Jobs

Jobs -- City-Funded Jobs for City Residents

The fastest way to get good jobs to city residents is to get them their fair share of city-funded jobs. 

  • Update and enforce the Equal Employment Opportunity Program, including re-establishing the Human Rights Commission to monitor enforcement of this and other civil rights laws.
  • Expand and enforce the Living Wage Law to cover all workers with city departments and contractors, including beneficiaries of economic development incentives.
  • Create Community Hiring Halls that make city job-seekers the first source for qualified new hires on city-funded jobs.
  • Create a Community Full Employment Program with the goal of providing a useful, living wage job to every working age person willing and able to work who cannot find private employment.

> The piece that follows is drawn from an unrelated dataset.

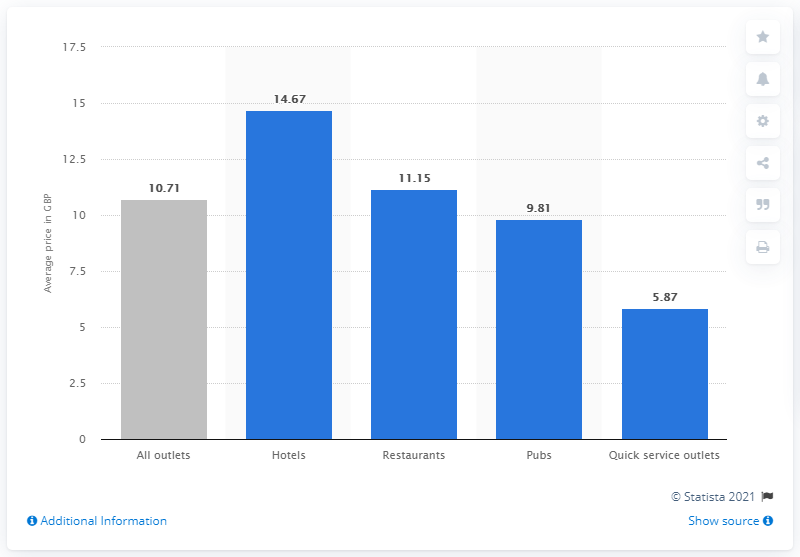Highlight a few significant elements in this photo. According to the data, the average price of a main course eaten out in a hotel is 14.67 euros. 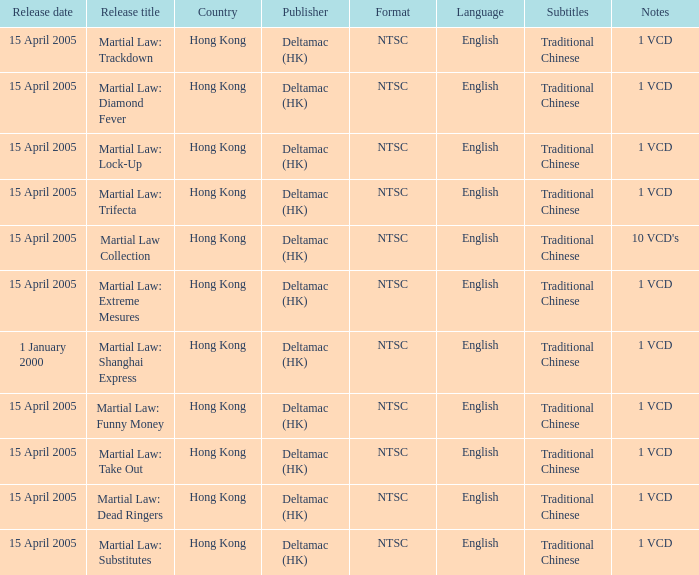Martial law: substitutes was released by which publisher? Deltamac (HK).

Pending a state or federal full employment program, the city should enact a demonstration program, using what funding is available, to use revenue producing public enterprise, as well as public service jobs, to employ unused resources (labor, physical plant) to satisfy unmet needs (child care, youth recreation, snow removal, smaller school class sizes, replacement of imported consumer goods that can be made locally, recycling and reprocessing waste into raw materials, housing rehabilitation, energy conservation, city parks restoration, and so on). Like the city "work relief" projects of the early Great Depression years that demonstrated the need and feasibility of what became the federal Works Progress Administration, where cities and counties designed public works and public service projects that were 90 percent funded by the federal government, the city should plan such projects now, begin to employ the unemployed to the extent local resources permit, and seek state and federal funding for them.